[Record extracts Boundary: Start]

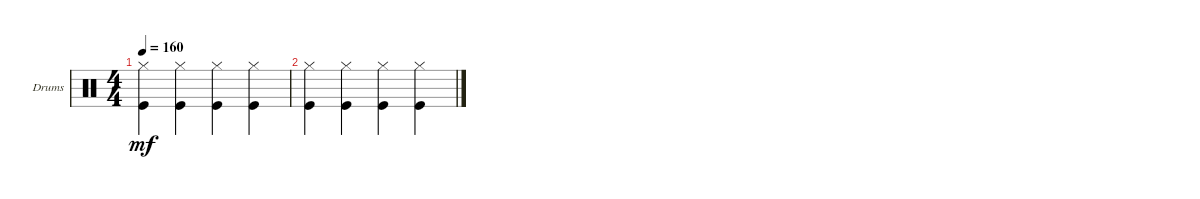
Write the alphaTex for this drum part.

\defaultSystemsLayout 4
\bracketExtendMode groupsimilarinstruments
\firstSystemTrackNameOrientation horizontal
\otherSystemsTrackNameOrientation horizontal
\track ("Drumkit" "Drums") {instrument percussion}
\staff {score}
\articulation defaults
\ts (4 4)
\tempo 160
\clef neutral
\ks c
("Kick (hit)" "Hi-Hat (closed)").4{dy mf} ("Kick (hit)" "Hi-Hat (closed)").4 ("Kick (hit)" "Hi-Hat (closed)").4 ("Kick (hit)" "Hi-Hat (closed)").4 |
("Kick (hit)" "Hi-Hat (closed)").4 ("Kick (hit)" "Hi-Hat (closed)").4 ("Kick (hit)" "Hi-Hat (closed)").4 ("Kick (hit)" "Hi-Hat (closed)").4

[Record extracts Boundary: End]

* **What this task involves**
What is needed is a word-for-word transcription of all the entries, with the pictures dropped.

* **Your response**
Write the alphaTex for this drum part.

\defaultSystemsLayout 4
\bracketExtendMode groupsimilarinstruments
\firstSystemTrackNameOrientation horizontal
\otherSystemsTrackNameOrientation horizontal
\track ("Drumkit" "Drums") {instrument percussion}
\staff {score}
\articulation defaults
\ts (4 4)
\tempo 160
\clef neutral
\ks c
("Kick (hit)" "Hi-Hat (closed)").4{dy mf} ("Kick (hit)" "Hi-Hat (closed)").4 ("Kick (hit)" "Hi-Hat (closed)").4 ("Kick (hit)" "Hi-Hat (closed)").4 |
("Kick (hit)" "Hi-Hat (closed)").4 ("Kick (hit)" "Hi-Hat (closed)").4 ("Kick (hit)" "Hi-Hat (closed)").4 ("Kick (hit)" "Hi-Hat (closed)").4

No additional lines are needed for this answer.